**What is needed**
Transcribe, word for word and without additions, each line below from the one containing "- bicycle at [1596, 675, 1743, 743]" through the one containing "- bicycle at [1268, 668, 1395, 736]", both ends included.

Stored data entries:
--- START ---

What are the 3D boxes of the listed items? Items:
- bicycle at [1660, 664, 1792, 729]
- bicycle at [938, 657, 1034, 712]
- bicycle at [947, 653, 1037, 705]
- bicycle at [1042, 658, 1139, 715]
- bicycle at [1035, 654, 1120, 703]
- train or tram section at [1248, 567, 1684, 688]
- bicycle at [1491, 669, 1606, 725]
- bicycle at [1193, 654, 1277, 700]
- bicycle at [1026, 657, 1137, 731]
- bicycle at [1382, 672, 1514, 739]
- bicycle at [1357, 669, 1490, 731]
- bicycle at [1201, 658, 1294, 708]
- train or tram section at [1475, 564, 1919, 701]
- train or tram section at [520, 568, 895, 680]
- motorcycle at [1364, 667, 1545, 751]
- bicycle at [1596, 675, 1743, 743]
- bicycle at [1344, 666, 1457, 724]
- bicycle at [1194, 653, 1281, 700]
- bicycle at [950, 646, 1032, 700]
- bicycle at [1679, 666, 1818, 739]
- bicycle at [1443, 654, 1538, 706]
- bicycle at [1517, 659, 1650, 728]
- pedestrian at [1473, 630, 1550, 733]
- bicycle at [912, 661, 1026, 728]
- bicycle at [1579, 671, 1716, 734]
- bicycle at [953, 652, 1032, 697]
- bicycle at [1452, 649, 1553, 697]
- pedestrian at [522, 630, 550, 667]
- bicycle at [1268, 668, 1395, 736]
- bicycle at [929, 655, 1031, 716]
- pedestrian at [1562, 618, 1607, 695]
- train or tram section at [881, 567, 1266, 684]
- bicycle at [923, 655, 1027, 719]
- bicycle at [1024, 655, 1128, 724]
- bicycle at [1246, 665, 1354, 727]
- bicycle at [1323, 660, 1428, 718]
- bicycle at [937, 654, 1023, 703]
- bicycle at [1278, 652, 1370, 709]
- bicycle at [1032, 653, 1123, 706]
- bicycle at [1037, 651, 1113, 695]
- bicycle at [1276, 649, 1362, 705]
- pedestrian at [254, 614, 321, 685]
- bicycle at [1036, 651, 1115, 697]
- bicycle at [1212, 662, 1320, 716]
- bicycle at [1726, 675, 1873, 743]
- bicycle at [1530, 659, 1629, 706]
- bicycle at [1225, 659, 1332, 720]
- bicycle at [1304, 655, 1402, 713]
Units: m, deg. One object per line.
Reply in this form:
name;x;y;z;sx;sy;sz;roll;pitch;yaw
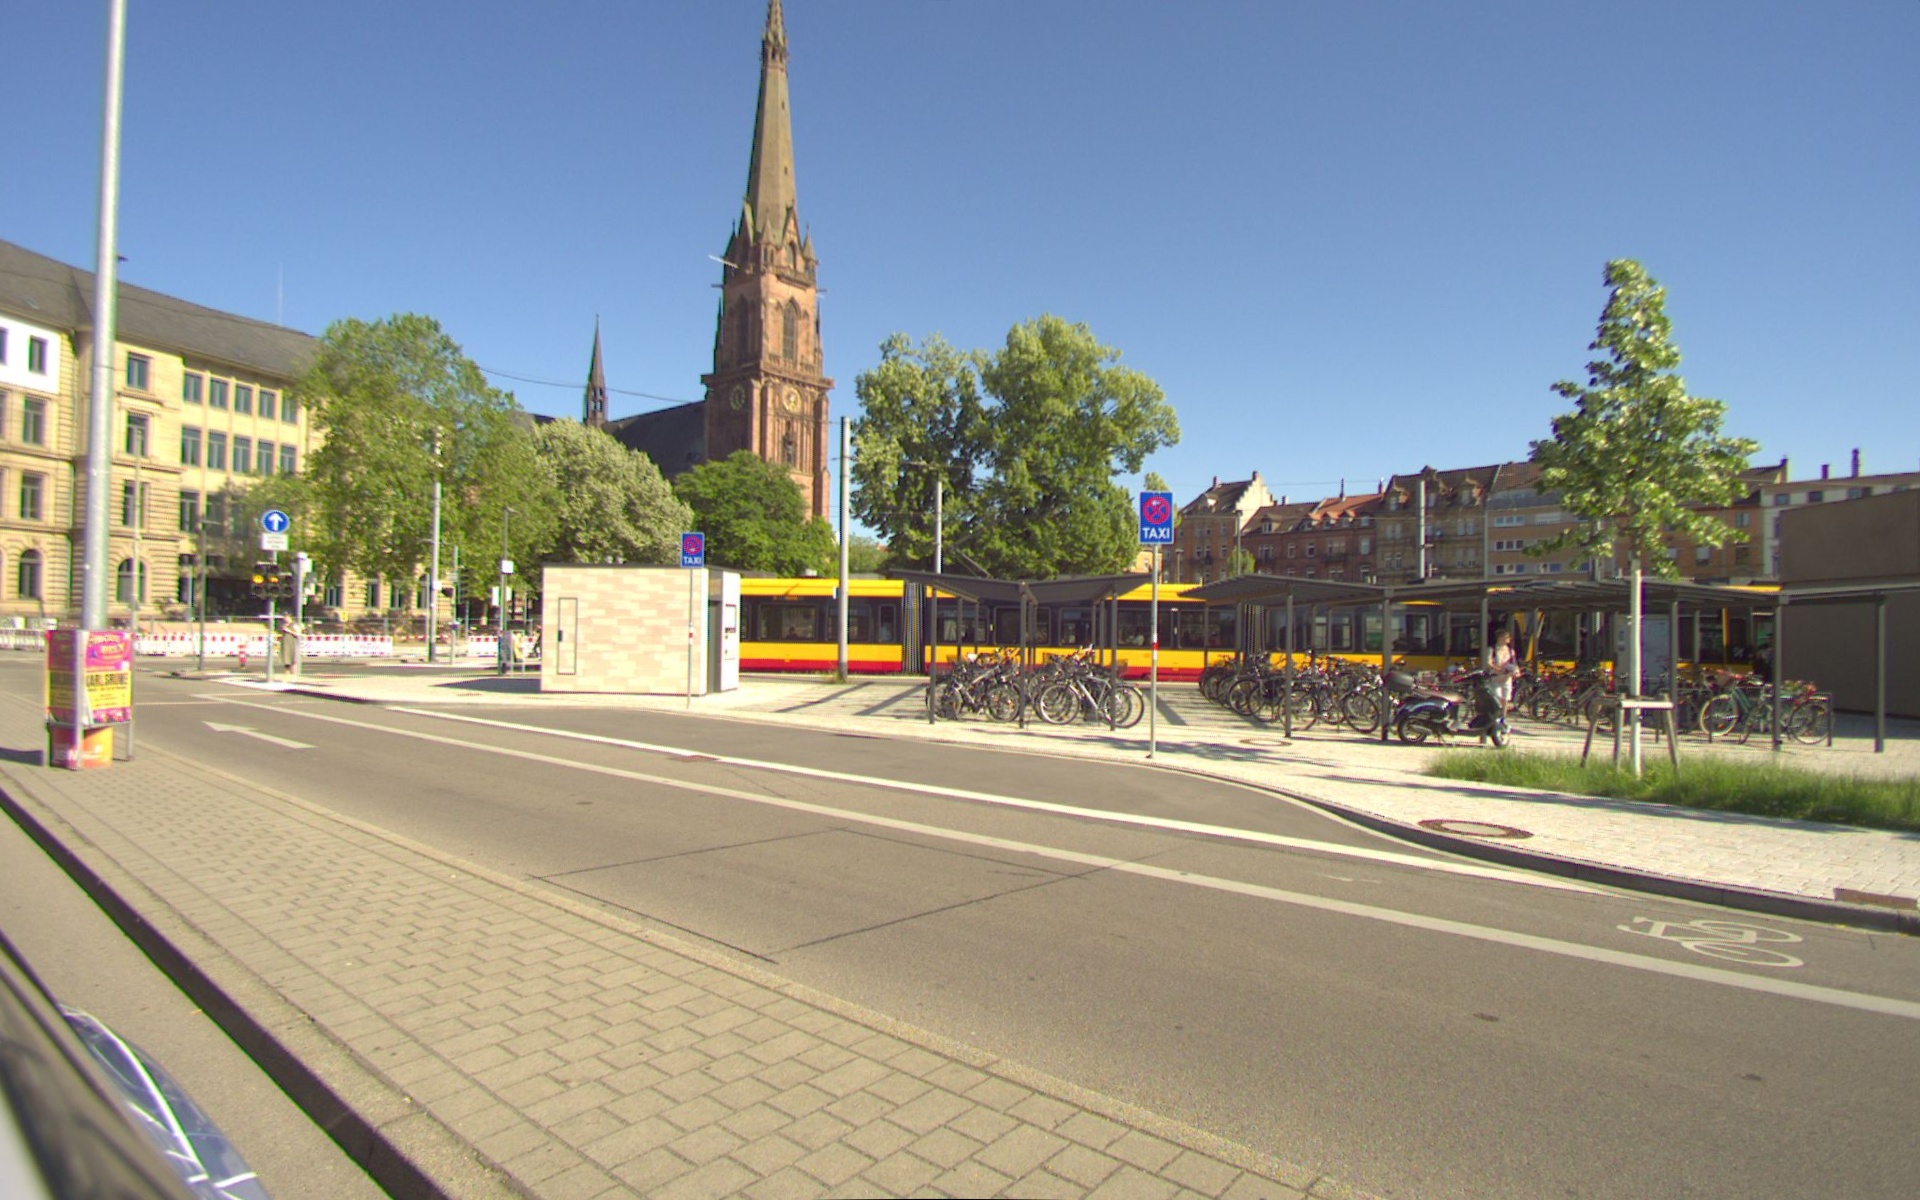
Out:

--- END ---
--- START ---

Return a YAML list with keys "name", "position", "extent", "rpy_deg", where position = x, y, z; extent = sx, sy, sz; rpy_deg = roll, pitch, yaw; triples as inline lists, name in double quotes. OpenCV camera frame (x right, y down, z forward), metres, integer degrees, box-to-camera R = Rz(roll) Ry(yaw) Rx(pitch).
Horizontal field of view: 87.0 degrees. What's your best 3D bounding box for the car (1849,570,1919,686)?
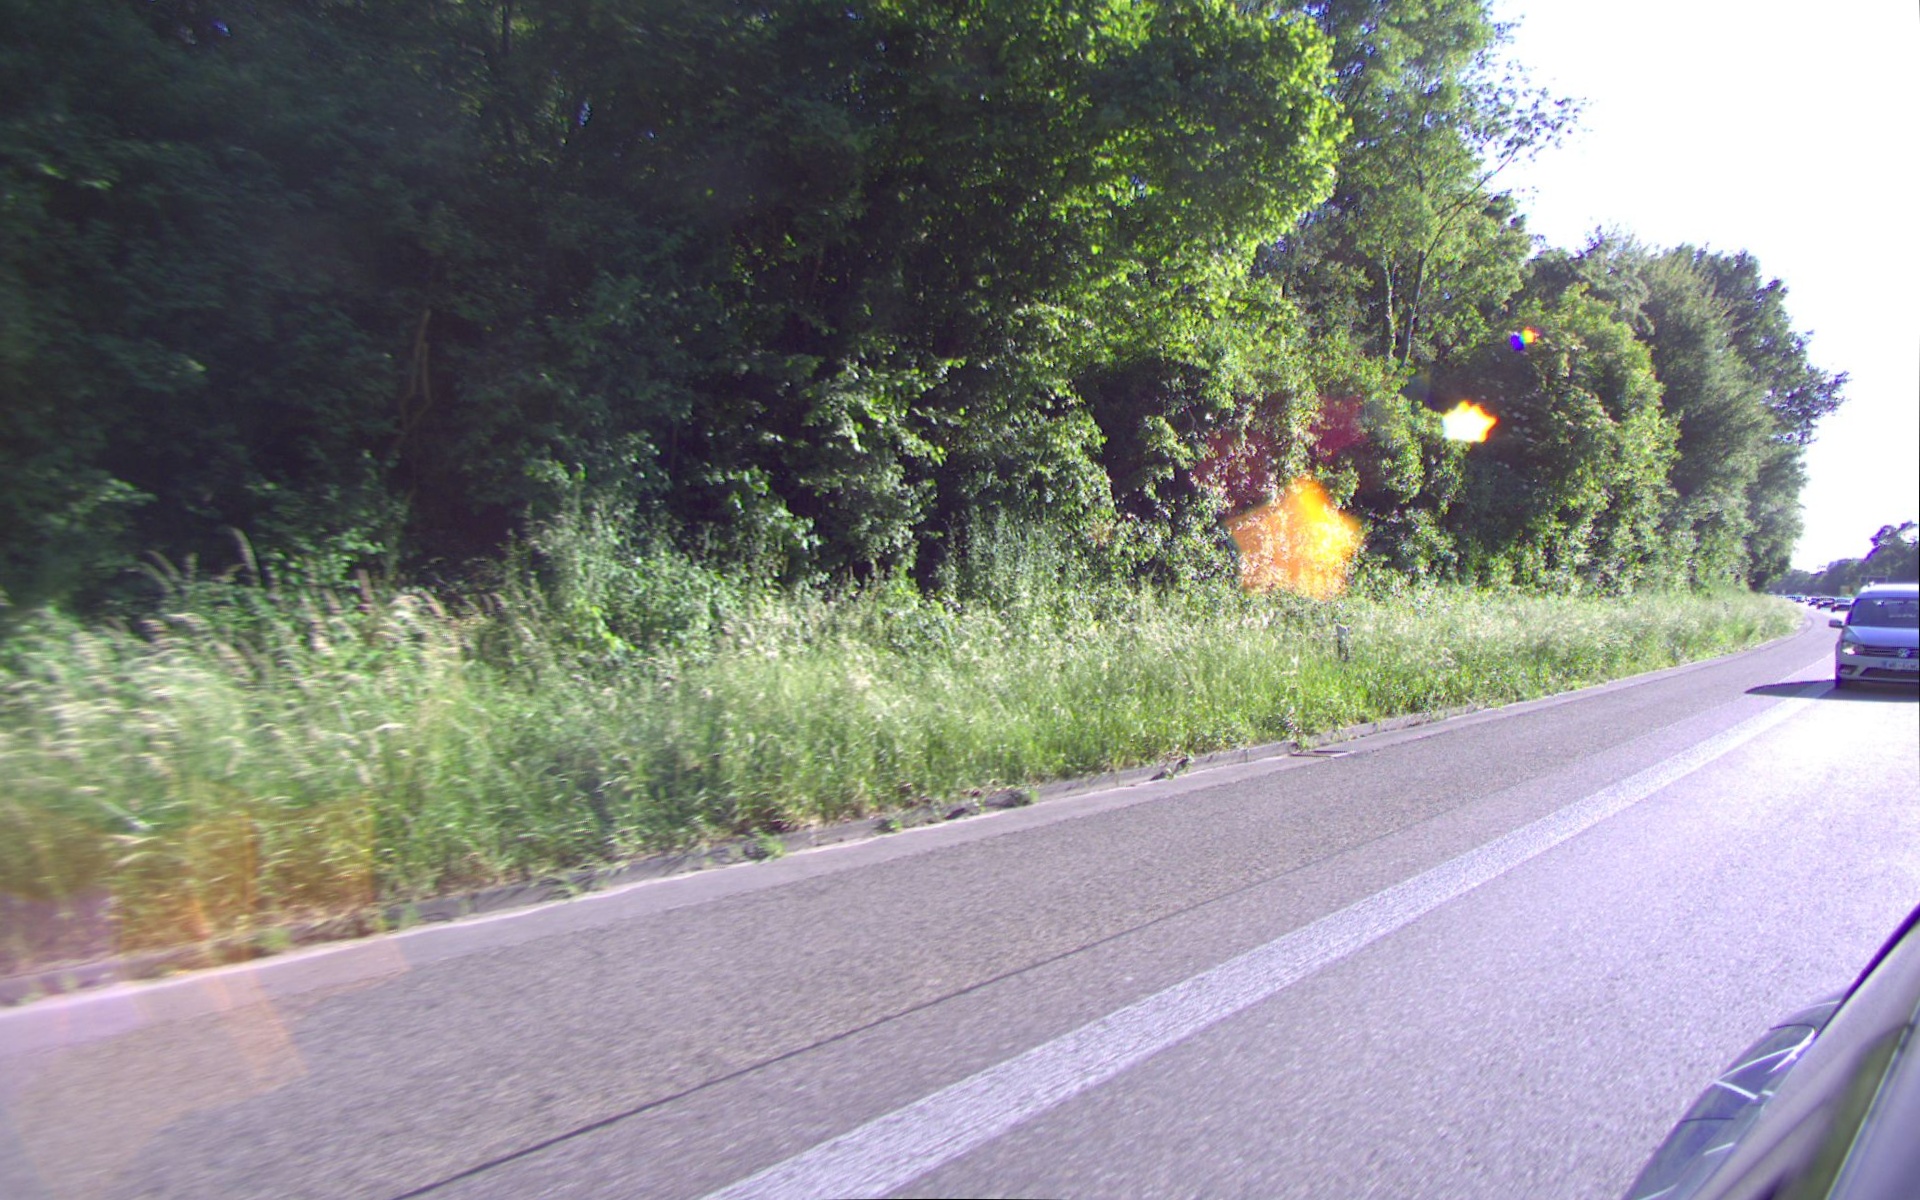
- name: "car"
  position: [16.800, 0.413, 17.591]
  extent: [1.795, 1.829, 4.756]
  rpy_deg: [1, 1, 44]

--- END ---

**Response for this exercise**
- bicycle at [1596, 675, 1743, 743]
- bicycle at [1344, 666, 1457, 724]
- bicycle at [1194, 653, 1281, 700]
- bicycle at [950, 646, 1032, 700]
- bicycle at [1679, 666, 1818, 739]
- bicycle at [1443, 654, 1538, 706]
- bicycle at [1517, 659, 1650, 728]
- pedestrian at [1473, 630, 1550, 733]
- bicycle at [912, 661, 1026, 728]
- bicycle at [1579, 671, 1716, 734]
- bicycle at [953, 652, 1032, 697]
- bicycle at [1452, 649, 1553, 697]
- pedestrian at [522, 630, 550, 667]
- bicycle at [1268, 668, 1395, 736]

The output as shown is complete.